Tumbuhkan Peluang Usaha Baru, Mahasiswa STAI Al Anwar Sarang Rembang Latih Warga Bondol Bikin Sale Pisang

Ibu-ibu Desa Bondol Dilatih Bikin Sale Pisang.
Ibu-ibu Desa Bondol, Kecamatan Ngambon, praktik membuat Sale Pisang yang dilaksanakan oleh mahasiswa mahasiswa KKN-PAR STAI Al Anwar Sarang Rembang Unit 19 “ROPANG BOYS”.(its)

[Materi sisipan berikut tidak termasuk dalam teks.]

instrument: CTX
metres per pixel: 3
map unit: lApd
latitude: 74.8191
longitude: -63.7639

SuaraBanyuurip.com – Potensi buah pisang di Desa Bondol, Kecamatan Ngambon, Kabupaten Bojonegoro, Jawa Timur, selama ini belum tergarap maksimal. Warga di ring satu migas Kolibri itu masih menjualnya dalam bentuk buah segar dengan nilai jual relatif rendah.

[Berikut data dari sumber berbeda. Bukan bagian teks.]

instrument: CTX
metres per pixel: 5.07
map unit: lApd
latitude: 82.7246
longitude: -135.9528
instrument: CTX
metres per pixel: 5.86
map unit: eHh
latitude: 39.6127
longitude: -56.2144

Melimpahnya buah pisang di Desa Bondol menjadi perhatian mahasiswa Kuliah Kerja Nyata Participatory Action Research (KKN-PAR) STAI Al Anwar Sarang Rembang Unit 19 “ROPANG BOYS”. Mereka menghadirkan sebuah inovasi melalui sosialisasi dan pelatihan pengolahan Sale Pisang bertema “Memperluas Partisipasi, Mendorong Inovasi” pada Rabu, 5 Agustus 2026 di balai desa setempat. Kegiatan ini sebagai upaya meningkatkan nilai tambah komoditas lokal sekaligus membuka peluang ekonomi baru bagi masyarakat Desa Bondol.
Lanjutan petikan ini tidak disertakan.